Topikseru.com – Di era serba digital, kejahatan siber tak lagi hanya mengincar data besar perusahaan. Dua istilah yang kerap muncul, yakni link phishing dan malware, seringkali dianggap sama, padahal cara kerja dan bahayanya berbeda.
Lantas, apa sebenarnya perbedaan link phishing dan malware?
Phishing: Umpan Berbentuk Link Palsu
Phishing berasal dari kata fishing (memancing), artinya penjahat siber melempar umpan berupa tautan palsu (link phishing) untuk memancing korban agar menyerahkan data pribadinya secara sukarela.
Contohnya, korban menerima SMS, email, atau DM media sosial berisi link yang seolah-olah resmi, misalnya mengatasnamakan bank, marketplace, atau aplikasi e-wallet.
Begitu diklik, link phishing mengarahkan korban ke halaman login tiruan.

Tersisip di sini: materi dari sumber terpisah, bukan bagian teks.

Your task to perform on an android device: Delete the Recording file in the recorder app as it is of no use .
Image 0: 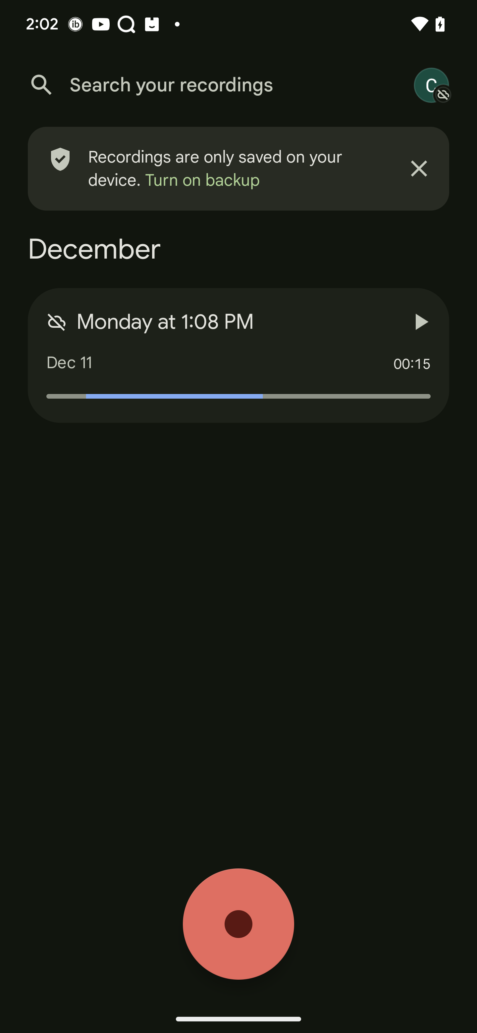
Long press on the recording file
Step 0: long press (220, 321)
Image 1: 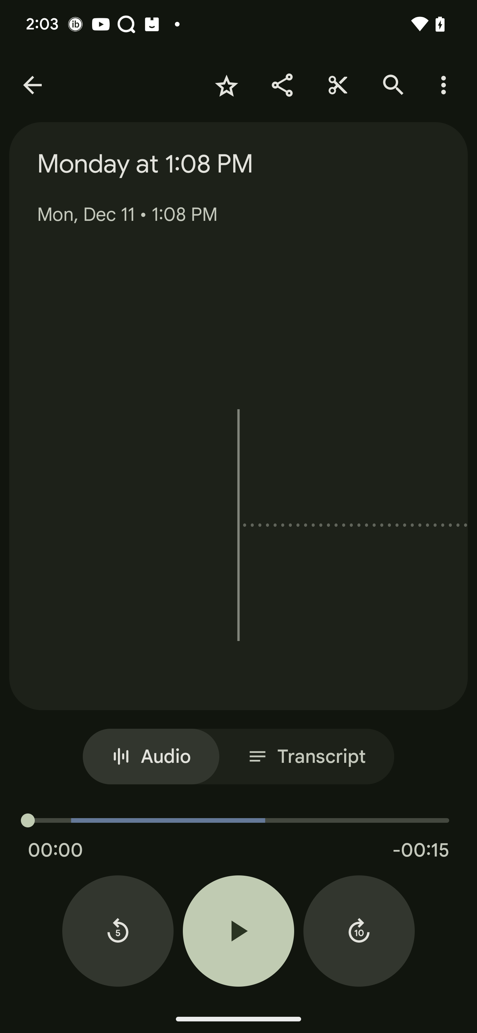
Long press on the recording file
Step 1: wait
Image 2: 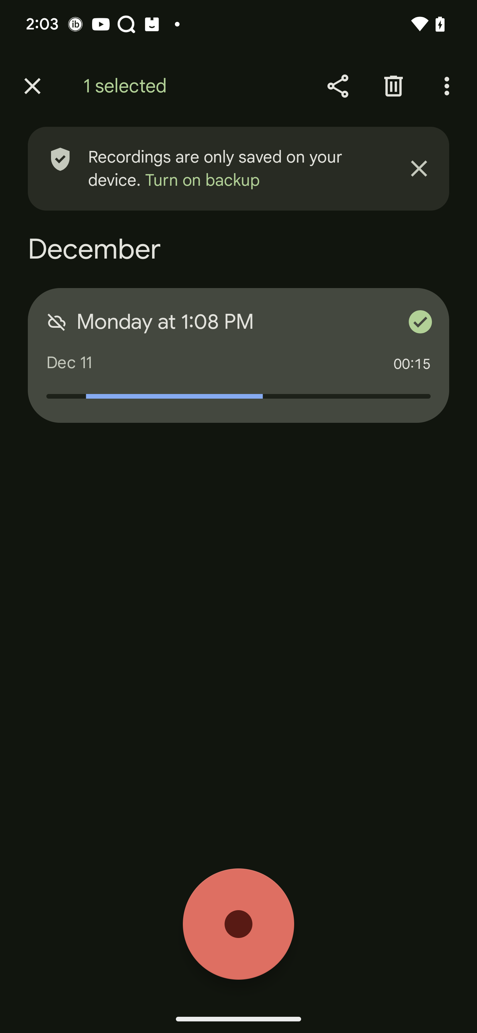
Click the delete icon
Step 2: click (393, 86)
Image 3: 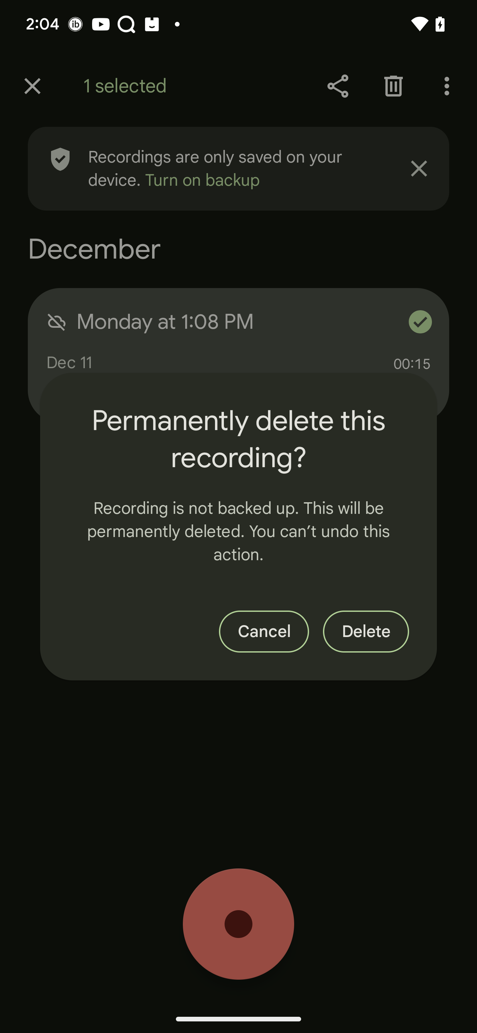
Click the delete button
Step 3: click (366, 631)

Di situlah korban diminta mengisi username, password, PIN, atau OTP.
Malware: Senjata Jahat di Balik Unduhan
Berbeda dengan link phishing yang menjebak dengan halaman palsu, malware (malicious software) adalah perangkat lunak berbahaya. Malware bisa berupa virus, trojan, spyware, hingga ransomware.
Cara masuknya beragam, mulai dari lewat lampiran email, aplikasi bajakan, atau situs download ilegal.
Begitu malware terinstal di perangkat, pelaku bisa mencuri data, merekam aktivitas keyboard (keylogger), bahkan mengambil alih sistem.
Mana Lebih Berbahaya?
Link phishing memanfaatkan human error – korban tertipu dan menyerahkan data sendiri. Sementara malware cenderung bekerja diam-diam di balik layar.
Malware bisa bertahan lama tanpa disadari, merusak sistem, memeras data (ransomware), atau memata-matai aktivitas pengguna.
Keduanya sama-sama berbahaya. Bedanya, phishing menipu dari luar, malware merusak dari dalam.
Bagaimana Mencegahnya?
1. Waspada link mencurigakan
Periksa ejaan domain, URL pendek, dan tawaran hadiah mencurigakan. Jangan klik link yang dikirim nomor atau akun tidak dikenal.
2. Aktifkan verifikasi dua langkah
Bila data login bocor karena phishing, setidaknya akun masih terlindungi.
3. Gunakan antivirus terpercaya
Perangkat lunak antivirus dapat mendeteksi malware yang tersembunyi.
4. Perbarui sistem dan aplikasi
Banyak malware memanfaatkan celah keamanan di sistem lawas.
5. Unduh aplikasi resmi
Hindari memasang software dari situs bajakan.
Phishing dan malware ibarat dua sisi jebakan kejahatan siber. Bedanya, phishing mengelabui Anda agar memberikan data sensitif, sedangkan malware memasuki perangkat Anda secara diam-diam.
Keduanya harus diwaspadai agar data dan privasi tetap aman.
Sudah tahu bedanya? Sekarang, waktunya lebih waspada setiap kali membuka link mencurigakan di layar gawai Anda.